_WHAT YOU SHOULD DO_: Every line below that has the string "amount" needs to be copied.

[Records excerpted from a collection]
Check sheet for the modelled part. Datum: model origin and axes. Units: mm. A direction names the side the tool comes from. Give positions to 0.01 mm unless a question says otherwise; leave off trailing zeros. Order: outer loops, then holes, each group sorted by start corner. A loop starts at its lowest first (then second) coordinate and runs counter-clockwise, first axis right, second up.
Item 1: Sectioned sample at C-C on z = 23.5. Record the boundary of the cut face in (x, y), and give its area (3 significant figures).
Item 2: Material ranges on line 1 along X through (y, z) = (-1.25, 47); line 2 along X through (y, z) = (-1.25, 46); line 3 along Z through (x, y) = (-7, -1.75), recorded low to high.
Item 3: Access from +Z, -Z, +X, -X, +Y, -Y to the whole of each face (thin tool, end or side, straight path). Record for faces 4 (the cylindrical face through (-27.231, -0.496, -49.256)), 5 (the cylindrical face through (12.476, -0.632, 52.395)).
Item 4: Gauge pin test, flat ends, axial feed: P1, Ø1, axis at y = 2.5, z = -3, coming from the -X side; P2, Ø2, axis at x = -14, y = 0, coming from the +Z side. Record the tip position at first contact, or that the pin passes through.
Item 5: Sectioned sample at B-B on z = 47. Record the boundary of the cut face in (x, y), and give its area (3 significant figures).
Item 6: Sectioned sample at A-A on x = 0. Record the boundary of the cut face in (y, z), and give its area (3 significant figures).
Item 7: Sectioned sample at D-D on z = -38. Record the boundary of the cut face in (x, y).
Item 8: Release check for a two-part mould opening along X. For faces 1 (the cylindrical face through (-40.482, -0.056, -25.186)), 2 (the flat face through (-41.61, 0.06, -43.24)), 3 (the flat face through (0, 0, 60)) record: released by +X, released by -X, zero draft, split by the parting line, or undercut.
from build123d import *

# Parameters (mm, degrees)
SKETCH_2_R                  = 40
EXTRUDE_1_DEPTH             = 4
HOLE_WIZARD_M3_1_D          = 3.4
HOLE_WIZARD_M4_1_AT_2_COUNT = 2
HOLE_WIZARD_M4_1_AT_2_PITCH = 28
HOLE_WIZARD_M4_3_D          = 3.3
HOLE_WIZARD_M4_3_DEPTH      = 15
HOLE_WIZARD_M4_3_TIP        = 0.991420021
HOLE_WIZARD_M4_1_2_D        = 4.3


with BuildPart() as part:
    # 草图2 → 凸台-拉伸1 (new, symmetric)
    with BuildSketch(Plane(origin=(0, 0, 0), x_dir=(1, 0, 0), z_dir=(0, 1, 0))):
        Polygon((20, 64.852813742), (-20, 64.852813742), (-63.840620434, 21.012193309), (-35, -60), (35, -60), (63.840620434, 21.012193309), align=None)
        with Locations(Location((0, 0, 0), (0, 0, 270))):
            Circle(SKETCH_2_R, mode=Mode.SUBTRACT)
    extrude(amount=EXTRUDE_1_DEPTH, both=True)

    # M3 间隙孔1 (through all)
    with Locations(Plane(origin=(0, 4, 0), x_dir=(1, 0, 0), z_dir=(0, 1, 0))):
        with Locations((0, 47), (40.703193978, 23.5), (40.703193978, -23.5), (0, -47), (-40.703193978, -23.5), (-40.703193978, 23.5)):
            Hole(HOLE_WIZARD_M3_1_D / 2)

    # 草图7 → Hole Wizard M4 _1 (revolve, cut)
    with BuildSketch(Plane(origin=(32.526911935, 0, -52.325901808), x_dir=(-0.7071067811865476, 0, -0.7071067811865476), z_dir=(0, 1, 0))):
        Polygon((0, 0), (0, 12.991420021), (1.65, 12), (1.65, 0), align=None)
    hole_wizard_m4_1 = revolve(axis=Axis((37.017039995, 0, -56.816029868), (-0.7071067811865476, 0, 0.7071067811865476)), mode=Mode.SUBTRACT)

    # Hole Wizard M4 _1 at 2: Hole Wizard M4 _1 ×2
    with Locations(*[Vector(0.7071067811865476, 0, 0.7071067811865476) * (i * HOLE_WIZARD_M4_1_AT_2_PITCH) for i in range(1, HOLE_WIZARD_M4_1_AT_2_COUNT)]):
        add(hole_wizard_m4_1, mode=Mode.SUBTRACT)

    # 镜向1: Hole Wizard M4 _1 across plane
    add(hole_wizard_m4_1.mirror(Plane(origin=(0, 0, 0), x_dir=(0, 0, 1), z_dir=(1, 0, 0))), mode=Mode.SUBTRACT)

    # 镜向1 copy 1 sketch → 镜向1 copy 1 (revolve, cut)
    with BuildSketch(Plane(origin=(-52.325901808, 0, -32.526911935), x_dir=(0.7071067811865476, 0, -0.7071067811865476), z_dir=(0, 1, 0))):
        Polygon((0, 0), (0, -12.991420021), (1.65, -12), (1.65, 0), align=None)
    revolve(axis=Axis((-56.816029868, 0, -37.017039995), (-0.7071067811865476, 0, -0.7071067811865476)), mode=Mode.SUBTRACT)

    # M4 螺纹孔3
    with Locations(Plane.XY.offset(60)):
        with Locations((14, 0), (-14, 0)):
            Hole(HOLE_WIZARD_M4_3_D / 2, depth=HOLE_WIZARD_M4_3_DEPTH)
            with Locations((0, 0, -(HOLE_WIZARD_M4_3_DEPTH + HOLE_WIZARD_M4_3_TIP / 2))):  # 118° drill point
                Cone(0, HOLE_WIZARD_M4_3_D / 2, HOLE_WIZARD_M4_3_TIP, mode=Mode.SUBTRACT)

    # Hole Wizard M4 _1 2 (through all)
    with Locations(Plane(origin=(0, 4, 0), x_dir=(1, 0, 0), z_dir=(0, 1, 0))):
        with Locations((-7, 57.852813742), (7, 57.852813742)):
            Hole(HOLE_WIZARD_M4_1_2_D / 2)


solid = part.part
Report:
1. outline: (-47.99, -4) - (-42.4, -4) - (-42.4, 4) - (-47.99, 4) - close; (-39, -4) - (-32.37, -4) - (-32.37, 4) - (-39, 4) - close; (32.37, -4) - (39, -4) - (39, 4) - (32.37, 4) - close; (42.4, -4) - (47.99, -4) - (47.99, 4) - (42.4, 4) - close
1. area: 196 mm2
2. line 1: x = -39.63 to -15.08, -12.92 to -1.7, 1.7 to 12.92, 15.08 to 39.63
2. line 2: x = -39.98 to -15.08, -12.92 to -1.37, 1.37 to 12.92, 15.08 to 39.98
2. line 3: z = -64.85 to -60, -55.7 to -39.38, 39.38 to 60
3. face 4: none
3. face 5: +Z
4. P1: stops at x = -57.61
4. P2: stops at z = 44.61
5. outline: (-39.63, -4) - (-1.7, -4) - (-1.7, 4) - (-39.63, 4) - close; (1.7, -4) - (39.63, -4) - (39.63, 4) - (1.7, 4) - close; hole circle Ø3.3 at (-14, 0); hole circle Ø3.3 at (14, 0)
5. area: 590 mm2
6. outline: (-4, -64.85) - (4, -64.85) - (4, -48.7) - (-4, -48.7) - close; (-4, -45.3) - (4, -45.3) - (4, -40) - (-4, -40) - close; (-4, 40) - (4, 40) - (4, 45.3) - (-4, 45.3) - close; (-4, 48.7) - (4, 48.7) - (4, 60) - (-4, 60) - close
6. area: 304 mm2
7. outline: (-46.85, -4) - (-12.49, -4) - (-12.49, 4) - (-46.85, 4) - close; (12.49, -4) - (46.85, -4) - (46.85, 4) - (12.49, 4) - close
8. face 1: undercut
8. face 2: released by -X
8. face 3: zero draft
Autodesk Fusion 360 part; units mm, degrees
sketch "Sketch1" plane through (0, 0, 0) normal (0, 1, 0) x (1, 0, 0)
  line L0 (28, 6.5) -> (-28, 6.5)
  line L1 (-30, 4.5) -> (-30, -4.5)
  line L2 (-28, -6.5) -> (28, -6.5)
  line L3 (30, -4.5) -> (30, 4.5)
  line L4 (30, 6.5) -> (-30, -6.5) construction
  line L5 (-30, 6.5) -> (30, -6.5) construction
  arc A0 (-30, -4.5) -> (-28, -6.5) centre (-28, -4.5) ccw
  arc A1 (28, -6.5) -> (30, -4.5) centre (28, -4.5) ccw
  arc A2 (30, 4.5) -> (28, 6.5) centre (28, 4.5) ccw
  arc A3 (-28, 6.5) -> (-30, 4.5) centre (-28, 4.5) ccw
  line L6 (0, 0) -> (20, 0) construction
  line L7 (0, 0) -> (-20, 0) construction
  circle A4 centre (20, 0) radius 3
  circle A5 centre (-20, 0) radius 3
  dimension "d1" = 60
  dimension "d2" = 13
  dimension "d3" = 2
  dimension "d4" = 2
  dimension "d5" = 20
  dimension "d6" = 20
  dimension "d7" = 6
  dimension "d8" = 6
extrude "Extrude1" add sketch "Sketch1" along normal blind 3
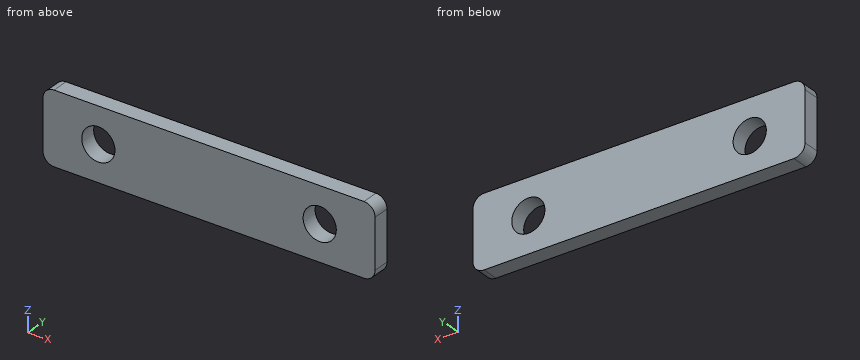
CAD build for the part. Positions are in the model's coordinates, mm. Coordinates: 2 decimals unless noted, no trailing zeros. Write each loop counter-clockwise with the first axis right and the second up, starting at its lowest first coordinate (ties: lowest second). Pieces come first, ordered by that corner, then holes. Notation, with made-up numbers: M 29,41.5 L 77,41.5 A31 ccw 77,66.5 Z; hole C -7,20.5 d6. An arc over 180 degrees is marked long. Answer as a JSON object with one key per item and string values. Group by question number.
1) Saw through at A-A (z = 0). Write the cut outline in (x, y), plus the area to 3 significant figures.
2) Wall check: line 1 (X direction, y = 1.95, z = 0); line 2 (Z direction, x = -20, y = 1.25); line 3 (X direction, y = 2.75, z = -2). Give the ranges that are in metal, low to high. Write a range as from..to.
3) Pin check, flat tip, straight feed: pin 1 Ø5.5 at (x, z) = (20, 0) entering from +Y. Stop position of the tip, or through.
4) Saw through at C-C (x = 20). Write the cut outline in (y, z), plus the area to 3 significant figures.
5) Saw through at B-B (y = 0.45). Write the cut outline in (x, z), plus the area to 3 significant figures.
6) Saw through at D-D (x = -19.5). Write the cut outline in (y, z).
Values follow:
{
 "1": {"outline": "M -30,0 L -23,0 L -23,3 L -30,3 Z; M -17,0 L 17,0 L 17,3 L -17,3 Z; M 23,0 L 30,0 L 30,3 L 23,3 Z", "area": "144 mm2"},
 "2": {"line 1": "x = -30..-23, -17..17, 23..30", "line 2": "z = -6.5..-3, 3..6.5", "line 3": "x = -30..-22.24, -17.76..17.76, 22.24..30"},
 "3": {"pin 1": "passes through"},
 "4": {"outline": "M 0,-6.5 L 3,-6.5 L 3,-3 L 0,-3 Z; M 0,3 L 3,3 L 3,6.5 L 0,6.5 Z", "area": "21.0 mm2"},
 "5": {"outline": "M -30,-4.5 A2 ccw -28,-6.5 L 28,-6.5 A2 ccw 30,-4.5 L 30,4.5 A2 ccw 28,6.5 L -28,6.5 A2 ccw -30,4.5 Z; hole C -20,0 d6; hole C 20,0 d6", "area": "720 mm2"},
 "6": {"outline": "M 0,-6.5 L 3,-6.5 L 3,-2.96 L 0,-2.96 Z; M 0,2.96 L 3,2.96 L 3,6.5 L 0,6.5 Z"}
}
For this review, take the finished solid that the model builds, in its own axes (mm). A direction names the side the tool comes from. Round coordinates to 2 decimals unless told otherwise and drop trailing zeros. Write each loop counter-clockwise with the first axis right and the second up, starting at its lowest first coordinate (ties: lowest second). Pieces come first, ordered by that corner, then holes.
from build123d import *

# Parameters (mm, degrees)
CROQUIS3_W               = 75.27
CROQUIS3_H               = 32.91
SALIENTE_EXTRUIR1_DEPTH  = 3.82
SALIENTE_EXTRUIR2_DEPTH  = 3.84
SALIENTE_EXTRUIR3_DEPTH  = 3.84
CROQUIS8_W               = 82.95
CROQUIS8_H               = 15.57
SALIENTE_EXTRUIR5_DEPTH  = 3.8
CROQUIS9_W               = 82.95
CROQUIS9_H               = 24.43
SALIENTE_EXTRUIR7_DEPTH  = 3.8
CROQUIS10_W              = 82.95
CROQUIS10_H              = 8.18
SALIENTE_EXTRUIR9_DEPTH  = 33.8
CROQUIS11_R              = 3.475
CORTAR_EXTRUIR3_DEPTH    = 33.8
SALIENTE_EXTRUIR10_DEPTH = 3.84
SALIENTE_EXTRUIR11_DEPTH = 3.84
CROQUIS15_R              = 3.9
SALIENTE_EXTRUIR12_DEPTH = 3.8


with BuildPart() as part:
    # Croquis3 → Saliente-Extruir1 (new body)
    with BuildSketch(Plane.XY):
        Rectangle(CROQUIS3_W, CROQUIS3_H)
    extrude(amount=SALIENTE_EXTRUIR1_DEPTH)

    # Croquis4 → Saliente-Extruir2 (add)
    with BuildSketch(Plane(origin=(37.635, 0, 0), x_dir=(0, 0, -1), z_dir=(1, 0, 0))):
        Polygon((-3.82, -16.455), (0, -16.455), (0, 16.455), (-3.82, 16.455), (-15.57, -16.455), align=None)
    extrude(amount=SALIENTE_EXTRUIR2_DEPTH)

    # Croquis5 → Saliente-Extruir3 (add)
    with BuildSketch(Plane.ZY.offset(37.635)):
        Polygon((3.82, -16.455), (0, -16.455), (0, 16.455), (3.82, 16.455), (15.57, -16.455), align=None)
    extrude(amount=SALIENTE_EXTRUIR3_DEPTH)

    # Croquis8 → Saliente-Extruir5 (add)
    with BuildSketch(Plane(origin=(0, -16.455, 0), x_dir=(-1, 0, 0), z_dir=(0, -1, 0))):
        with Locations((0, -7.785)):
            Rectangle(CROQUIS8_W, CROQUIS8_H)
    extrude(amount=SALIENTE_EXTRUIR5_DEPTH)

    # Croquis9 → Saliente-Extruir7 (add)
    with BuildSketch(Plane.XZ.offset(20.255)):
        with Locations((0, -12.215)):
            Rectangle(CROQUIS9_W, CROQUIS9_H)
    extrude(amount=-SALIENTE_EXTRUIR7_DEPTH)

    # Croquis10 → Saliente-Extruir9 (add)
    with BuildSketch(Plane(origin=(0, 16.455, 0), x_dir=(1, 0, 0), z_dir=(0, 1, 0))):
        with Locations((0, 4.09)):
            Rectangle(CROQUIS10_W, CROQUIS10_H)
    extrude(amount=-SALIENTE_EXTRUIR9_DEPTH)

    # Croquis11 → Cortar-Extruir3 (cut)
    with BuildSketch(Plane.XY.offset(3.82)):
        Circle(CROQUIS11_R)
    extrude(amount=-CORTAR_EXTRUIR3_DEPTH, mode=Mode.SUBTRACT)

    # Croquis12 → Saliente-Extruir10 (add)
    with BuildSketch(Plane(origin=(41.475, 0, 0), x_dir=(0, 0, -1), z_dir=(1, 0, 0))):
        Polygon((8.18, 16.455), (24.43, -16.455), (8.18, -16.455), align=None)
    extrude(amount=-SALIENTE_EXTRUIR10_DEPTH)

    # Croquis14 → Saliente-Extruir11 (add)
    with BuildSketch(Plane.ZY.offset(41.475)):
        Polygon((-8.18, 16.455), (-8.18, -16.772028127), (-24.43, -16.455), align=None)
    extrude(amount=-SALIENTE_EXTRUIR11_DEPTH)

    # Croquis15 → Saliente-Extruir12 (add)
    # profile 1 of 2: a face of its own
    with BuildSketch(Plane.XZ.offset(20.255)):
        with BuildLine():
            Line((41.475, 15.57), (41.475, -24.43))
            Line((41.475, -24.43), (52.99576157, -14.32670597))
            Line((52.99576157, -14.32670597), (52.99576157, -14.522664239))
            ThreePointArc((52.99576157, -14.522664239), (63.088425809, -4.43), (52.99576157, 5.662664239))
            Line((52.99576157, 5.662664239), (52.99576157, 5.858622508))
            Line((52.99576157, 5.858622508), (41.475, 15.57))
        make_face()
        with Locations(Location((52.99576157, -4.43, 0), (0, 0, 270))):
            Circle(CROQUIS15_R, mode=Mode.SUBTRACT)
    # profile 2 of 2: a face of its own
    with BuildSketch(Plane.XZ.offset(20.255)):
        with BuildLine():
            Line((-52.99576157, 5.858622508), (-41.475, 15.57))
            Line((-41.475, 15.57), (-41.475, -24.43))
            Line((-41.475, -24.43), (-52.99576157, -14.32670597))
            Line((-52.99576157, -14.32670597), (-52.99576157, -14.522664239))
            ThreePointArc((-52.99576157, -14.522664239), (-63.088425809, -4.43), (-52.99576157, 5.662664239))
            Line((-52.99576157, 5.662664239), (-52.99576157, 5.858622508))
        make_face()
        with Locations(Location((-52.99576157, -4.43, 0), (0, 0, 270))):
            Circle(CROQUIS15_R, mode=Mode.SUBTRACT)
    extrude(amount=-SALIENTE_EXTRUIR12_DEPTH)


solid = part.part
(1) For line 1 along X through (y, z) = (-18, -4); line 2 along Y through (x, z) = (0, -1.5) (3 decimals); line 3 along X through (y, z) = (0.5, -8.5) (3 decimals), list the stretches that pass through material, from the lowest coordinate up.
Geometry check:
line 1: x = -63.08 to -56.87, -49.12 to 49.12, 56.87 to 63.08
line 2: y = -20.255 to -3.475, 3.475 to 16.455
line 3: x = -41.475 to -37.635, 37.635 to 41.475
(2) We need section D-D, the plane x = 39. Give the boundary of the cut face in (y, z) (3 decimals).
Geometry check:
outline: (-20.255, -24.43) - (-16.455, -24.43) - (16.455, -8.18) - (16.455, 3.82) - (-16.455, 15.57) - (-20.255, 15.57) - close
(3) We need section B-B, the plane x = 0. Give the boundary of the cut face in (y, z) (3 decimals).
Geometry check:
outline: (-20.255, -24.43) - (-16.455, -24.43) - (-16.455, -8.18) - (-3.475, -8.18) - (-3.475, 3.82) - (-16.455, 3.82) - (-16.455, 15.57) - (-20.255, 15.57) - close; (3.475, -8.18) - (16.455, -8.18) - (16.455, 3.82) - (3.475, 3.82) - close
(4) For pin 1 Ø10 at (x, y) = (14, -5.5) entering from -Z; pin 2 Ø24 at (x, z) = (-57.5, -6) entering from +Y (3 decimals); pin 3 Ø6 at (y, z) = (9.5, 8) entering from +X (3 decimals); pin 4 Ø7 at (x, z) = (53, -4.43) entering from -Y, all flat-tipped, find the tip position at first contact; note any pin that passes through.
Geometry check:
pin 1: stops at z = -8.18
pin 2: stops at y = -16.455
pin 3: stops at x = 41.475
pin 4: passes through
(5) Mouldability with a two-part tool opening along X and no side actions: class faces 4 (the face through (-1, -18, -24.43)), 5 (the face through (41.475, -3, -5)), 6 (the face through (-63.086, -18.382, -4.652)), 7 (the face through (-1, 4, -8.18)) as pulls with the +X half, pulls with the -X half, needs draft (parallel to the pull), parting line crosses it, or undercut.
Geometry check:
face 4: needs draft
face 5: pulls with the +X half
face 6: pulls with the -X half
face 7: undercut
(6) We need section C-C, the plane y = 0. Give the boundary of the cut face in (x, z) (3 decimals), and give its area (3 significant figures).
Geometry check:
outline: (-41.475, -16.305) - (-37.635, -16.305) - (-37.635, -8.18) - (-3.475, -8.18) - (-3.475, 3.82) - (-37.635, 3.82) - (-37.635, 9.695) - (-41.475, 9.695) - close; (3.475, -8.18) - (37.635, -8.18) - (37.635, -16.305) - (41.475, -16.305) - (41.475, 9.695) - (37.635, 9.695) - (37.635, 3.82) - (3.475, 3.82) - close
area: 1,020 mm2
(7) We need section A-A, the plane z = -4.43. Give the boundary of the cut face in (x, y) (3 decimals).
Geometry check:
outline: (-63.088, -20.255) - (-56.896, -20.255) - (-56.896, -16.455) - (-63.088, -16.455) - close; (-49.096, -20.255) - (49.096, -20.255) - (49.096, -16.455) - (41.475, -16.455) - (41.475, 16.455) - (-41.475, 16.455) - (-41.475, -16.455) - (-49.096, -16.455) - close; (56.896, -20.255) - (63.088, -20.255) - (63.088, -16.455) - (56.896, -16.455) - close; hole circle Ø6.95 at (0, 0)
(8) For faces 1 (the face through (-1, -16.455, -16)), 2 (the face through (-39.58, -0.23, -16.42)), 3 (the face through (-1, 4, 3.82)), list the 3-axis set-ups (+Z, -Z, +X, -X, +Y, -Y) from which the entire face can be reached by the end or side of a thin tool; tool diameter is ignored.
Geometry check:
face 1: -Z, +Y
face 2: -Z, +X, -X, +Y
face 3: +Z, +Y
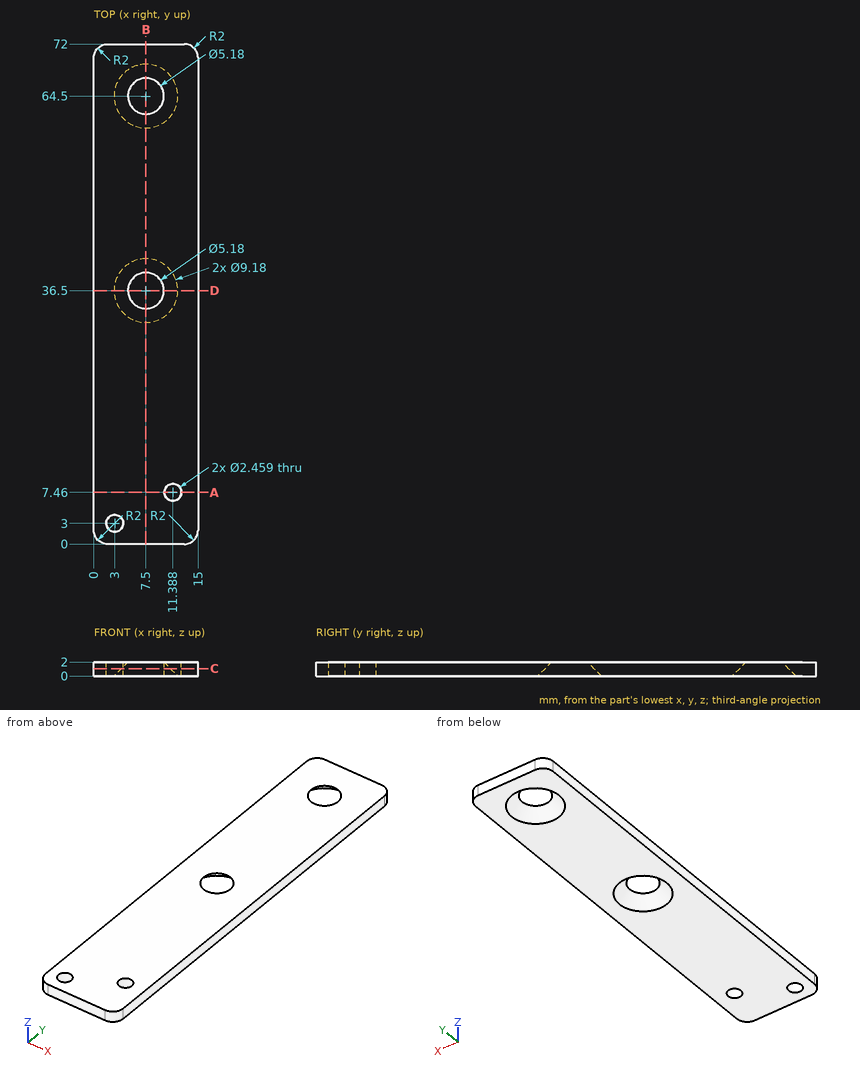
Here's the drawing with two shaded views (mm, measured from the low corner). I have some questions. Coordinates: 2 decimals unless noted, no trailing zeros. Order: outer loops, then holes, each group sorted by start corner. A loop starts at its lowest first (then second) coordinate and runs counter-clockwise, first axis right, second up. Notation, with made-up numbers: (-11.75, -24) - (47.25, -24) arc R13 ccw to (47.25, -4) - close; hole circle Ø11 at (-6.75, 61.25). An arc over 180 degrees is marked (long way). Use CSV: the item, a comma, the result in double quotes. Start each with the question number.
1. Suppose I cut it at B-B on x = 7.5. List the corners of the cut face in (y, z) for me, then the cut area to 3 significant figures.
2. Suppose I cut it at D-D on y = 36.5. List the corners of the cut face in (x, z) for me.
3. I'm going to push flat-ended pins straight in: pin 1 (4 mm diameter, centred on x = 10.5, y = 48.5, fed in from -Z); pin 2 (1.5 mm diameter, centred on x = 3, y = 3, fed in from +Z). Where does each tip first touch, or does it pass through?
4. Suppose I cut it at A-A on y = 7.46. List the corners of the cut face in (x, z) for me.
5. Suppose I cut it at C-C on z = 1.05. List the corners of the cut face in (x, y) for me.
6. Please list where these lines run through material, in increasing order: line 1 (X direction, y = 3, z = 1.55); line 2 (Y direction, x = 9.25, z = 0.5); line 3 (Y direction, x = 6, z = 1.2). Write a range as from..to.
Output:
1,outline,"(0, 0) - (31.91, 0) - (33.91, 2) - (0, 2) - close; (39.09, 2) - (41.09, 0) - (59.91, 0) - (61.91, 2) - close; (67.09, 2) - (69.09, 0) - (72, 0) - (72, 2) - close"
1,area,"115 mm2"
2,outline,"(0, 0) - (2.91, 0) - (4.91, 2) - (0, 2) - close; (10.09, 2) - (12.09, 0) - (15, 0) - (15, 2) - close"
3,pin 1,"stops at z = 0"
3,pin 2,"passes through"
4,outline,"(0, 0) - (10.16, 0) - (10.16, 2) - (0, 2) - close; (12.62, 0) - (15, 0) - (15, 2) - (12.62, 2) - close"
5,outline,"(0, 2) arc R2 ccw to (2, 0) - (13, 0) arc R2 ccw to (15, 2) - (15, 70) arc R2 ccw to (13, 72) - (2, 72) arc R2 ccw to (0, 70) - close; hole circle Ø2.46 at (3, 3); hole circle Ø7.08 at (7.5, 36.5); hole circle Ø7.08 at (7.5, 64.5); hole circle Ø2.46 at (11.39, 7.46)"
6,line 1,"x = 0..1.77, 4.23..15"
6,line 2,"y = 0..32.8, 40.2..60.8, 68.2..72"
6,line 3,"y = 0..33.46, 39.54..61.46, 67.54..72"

_SOLUTION FOR THIS PROBLEM_:
    extrude(amount=EXTRUDE_1_DEPTH, both=True)
    extrude(amount=SALIENTE_EXTRUIR1_DEPTH)
    extrude(amount=SALIENTE_EXTRUIR2_DEPTH)
    extrude(amount=SALIENTE_EXTRUIR3_DEPTH)
    extrude(amount=SALIENTE_EXTRUIR5_DEPTH)
    extrude(amount=-SALIENTE_EXTRUIR7_DEPTH)
    extrude(amount=-SALIENTE_EXTRUIR9_DEPTH)
    extrude(amount=-CORTAR_EXTRUIR3_DEPTH, mode=Mode.SUBTRACT)
    extrude(amount=-SALIENTE_EXTRUIR10_DEPTH)
    extrude(amount=-SALIENTE_EXTRUIR11_DEPTH)
    extrude(amount=-SALIENTE_EXTRUIR12_DEPTH)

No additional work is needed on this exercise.